— Несколько лет тому назад китаец бросился с ножом на иностранного консула в Пекине.

— Боже! — испуганно воскликнула она. — Он убил его?

— Нет, консул оказался шустрее. Полиция задержала нападавшего и объявила его сумасшедшим. Но свидетель возражал: «Сумасшедший? Потому что пытался убить консула? Это ли не веское доказательство его здравомыслия!»

Ее взгляд был твердым, холодным и без намека на поддержку.
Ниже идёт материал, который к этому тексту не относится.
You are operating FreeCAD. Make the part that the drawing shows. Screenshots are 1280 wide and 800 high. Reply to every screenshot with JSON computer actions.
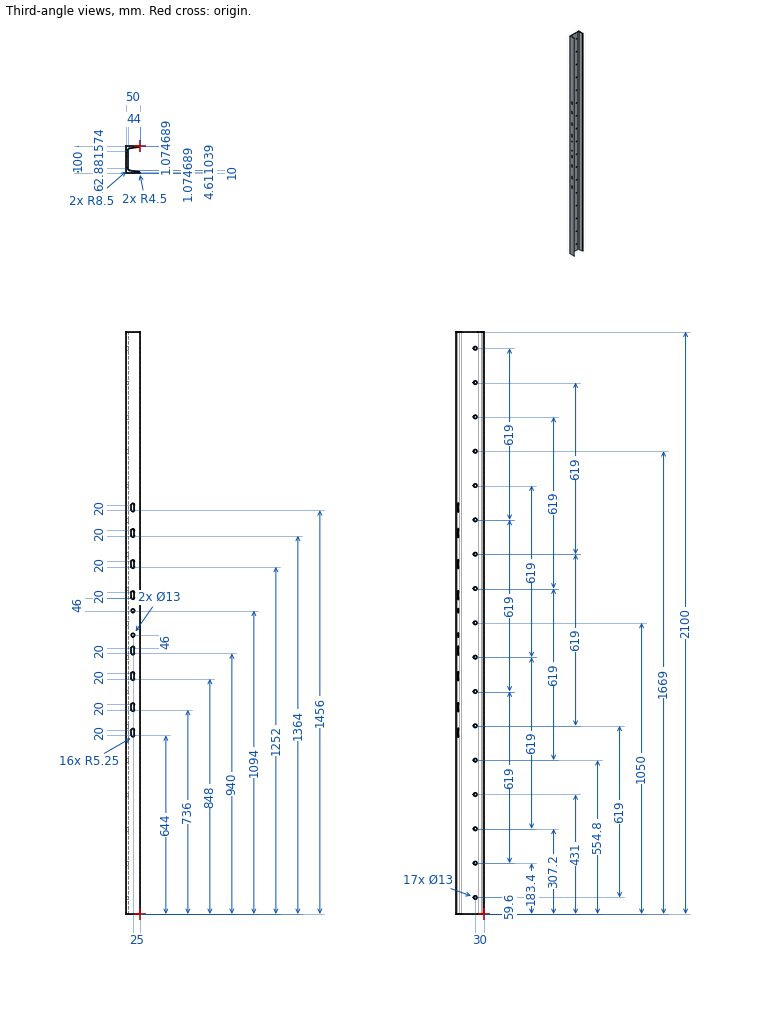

— Ты наверняка знаешь эту старую песенку, — продолжил Моррисон и запел: — «Англичанин бестолковый, что с тебя возьмешь; но тупее, чем голландец, в мире не найдешь».

Мэй поджала губы:

— Не ревнуй, милый. Я этого не люблю. Если ты хочешь быть моим кавалером, тебе следует знать обо мне кое-что.

— И что именно я должен знать?

— Ты когда-нибудь бывал на Весеннем бале-маскараде[19] здесь, в Тяньцзине?

— Пару раз, да.

— Но ты не был на последнем.

— Нет.

Она пожала плечиками:

— Если бы ты там был, возможно, все сложилось бы по-другому. Я наконец оправилась от гриппа и с нетерпением ждала этого бала. Я давно решила пойти туда в образе Марии-Антуанетты. Местным швеям и токарям пришлось долго корпеть над моим robe a la franqaise[20]. Я хотела, чтобы все идеально соответствовало оригиналу, вплоть до корсажа и кринолина. Вечером накануне бала я попросила горничную миссис Рэгсдейл, А Лан, вымыть мне волосы взбитыми яичными белками и сполоснуть ромом и розовой водой. Думаю, она пришла в ужас от этого — и наверняка отнесла яичные желтки на кухню прислуги. О, Эрнест, ты бы хохотал, если бы видел меня в то утро. Я пооткрывала все свои чемоданы, кофры, шляпные коробки, шкатулки с украшениями. Вещи были разбросаны повсюду…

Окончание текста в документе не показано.